这是麻烦所在:指令退出后,机器检查错误(如(不可)可纠正的ECC错误)可能会发生(即,在假定是较年轻的指令之后)



AFTER错误的经典示例是由存储在文件中的存储区触发的不可校正的ECC。毕业时写入缓冲区。几乎所有现代机器都执行此操作,所有机器都具有TSO,这几乎意味着,如果您足够小心以免缓冲存储,则总是存在不精确的机器检查错误,这种错误可能是精确的。



BEFORE错误的经典示例是……好吧,每条指令,在任何具有流水线的机器上。
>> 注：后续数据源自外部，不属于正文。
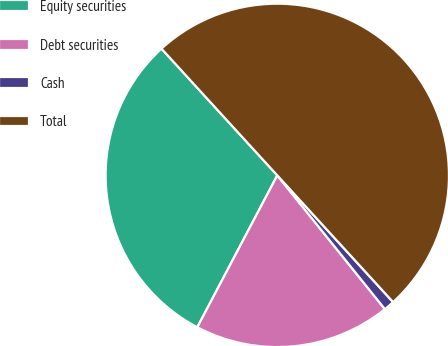Convert chart. <chart><loc_0><loc_0><loc_500><loc_500><pie_chart><fcel>Equity securities<fcel>Debt securities<fcel>Cash<fcel>Total<nl><fcel>30.5%<fcel>18.5%<fcel>1.0%<fcel>50.0%<nl></chart>

但更有趣的是,在分支预测错误的阴影下,错误路径指令上的错误。



当加载指令遇到不可纠正的ECC错误时,您有两种选择: / p>

(1)您可以立即拉动链条,不仅杀死比加载指令更年轻的指令,而且杀死任何更旧的指令



(2),或者您可以将某种状态代码写入控制投机的逻辑中,并在退休时采取例外措施。这几乎是页面错误所要做的,它可以使此类错误更精确,从而有助于调试。



(3)但是,如果出现无法纠正的ECC错误的加载指令是错误的路径指令,并且由于较旧的机上飞行分支预测错误并采取另一种方式而永不退役?



好吧,您可以写下状态以使其更加精确。您应该具有精确错误和不精确错误的计数器。否则,您可能会忽略此类错误路径指令上的错误-毕竟,如果这是一个硬错误,则将再次被触摸,或者可能不会被触摸。错误可能在架构上是无声的-例如



并且,如果您确实需要,可以设置一些位,以便在分支较旧的情况下错误的预测,然后在该时间点接受计算机检查异常。



这样的错误不会在与导致错误的指令相关的程序计数器处发生,但是



我打电话(2)推迟计算机检查异常; (3)就是您如何处理延期。



IIRC,所有Intel P6机器检查异常都不精确。



--- ++令人抓紧的手:更快



因此,我们已经讨论了



0)立即处理中断,或者如果中断被阻止,则执行指令和微指令,直到到达中断未阻止点为止。然后刷新所有正在运行的指令。



1)尝试在管道中执行指令,以免浪费工作。



但是还有第三种可能性:



-1)如果您具有微体系结构状态检查点,请立即执行中断,而不必等待中断未阻塞的点。仅当您在最近的可以安全地进行中断点上拥有所有相关状态的检查点时,才能执行此操作。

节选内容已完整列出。